Multiple sclerosis has long resisted a single explanatory framework, frustrating both patients and clinicians. A growing body of evidence now positions infectious exposures — not just genetic predisposition — as decisive forces that either ignite or suppress the autoimmune cascade underlying MS. This reframing carries real implications: if infections can both cause and potentially mitigate MS, therapeutic strategies might one day borrow tools from parasitology as much as from virology.

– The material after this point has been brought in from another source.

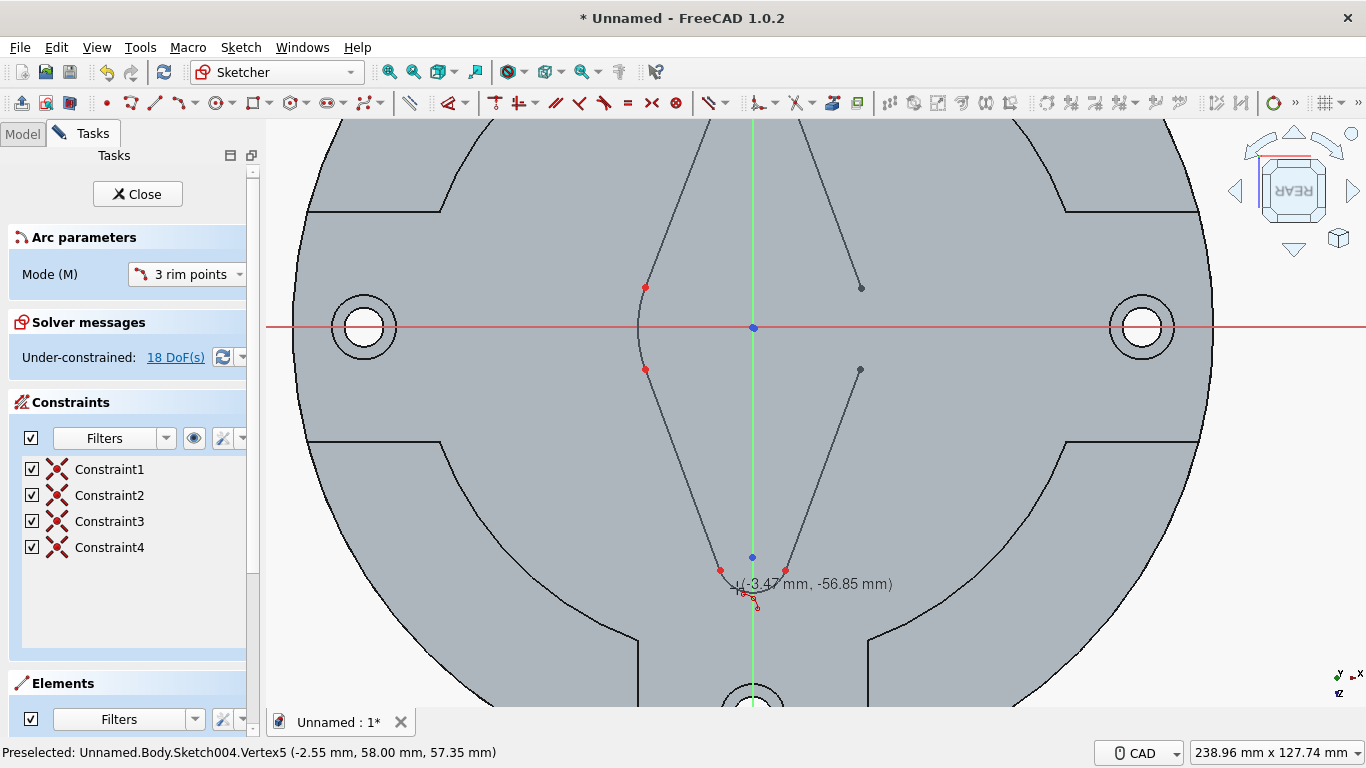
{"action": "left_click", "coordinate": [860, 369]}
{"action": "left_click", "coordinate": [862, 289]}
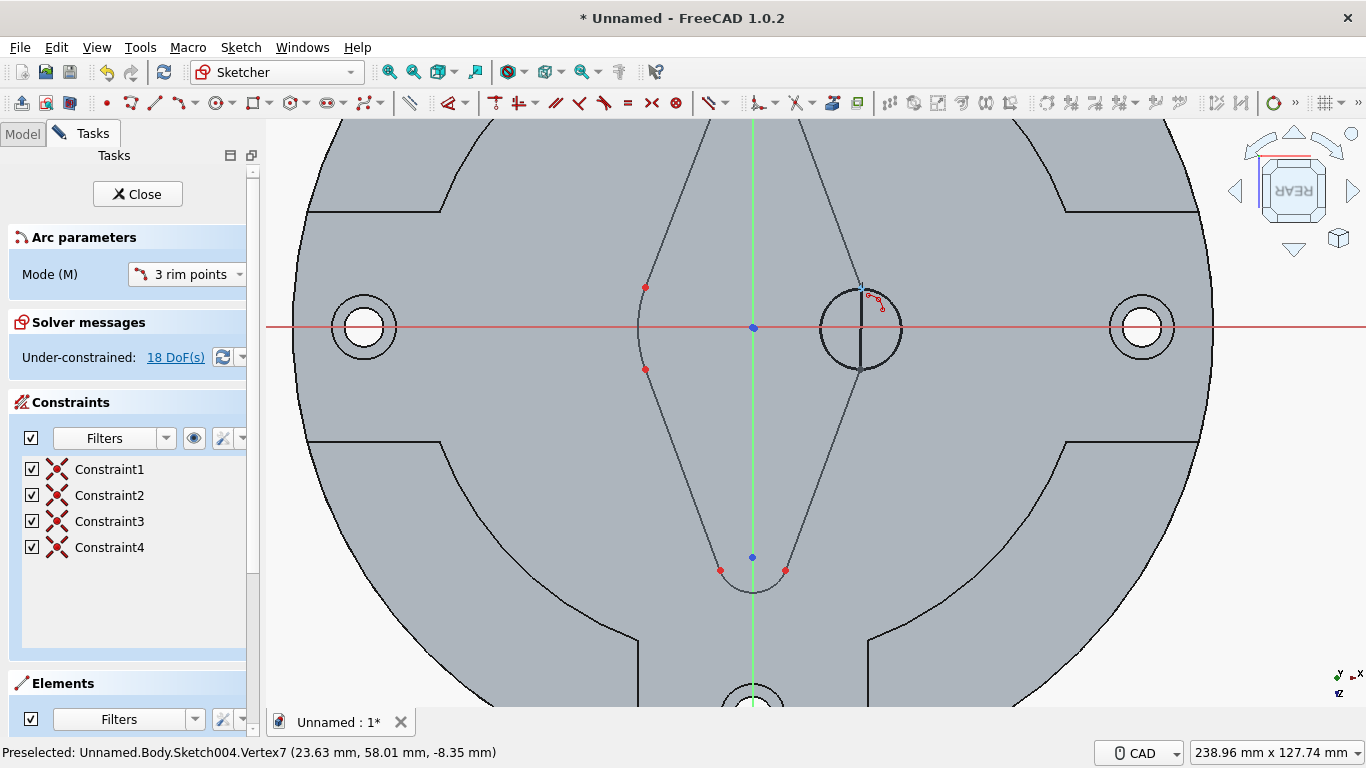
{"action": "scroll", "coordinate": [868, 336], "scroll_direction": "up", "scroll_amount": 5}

This review in Biomolecules synthesizes current evidence on how specific pathogens interact with MS pathophysiology through distinct immunological pathways. Epstein-Barr virus emerges as the most compelling viral candidate, operating primarily through antibody-mediated molecular mimicry — where EBV-generated antibodies cross-react with myelin antigens — and through dysregulation of B-cell populations that are already central targets of approved MS therapies. The review contrasts this pro-inflammatory viral axis with the paradoxically protective profile of parasitic organisms, particularly helminths and select protozoa, which appear to shift immune responses toward regulatory and tolerogenic phenotypes, dampening the neuroinflammation that drives demyelination and progressive neurodegeneration.
The juxtaposition of these two infectious categories is analytically valuable, though it also reveals the field's inherent complexity. The EBV-MS link has strengthened considerably since a landmark 2022 U.S. military cohort study demonstrated near-obligate EBV seropositivity preceding MS onset, lending biological plausibility to molecular mimicry mechanisms. The helminth hypothesis, by contrast, remains largely at the preclinical and observational level; clinical trials of deliberate helminth inoculation in MS patients have produced mixed results, suggesting that the immunomodulatory benefits seen in epidemiological data don't translate straightforwardly into therapeutic protocols. As a narrative review rather than a meta-analysis, this work synthesizes rather than adjudicates the evidence. Its primary value lies in framing infectious immunology as a legitimate therapeutic frontier for MS — potentially pointing toward microbiome modulation, anti-EBV vaccines, or refined B-cell targeting as the next generation of disease-modifying strategies.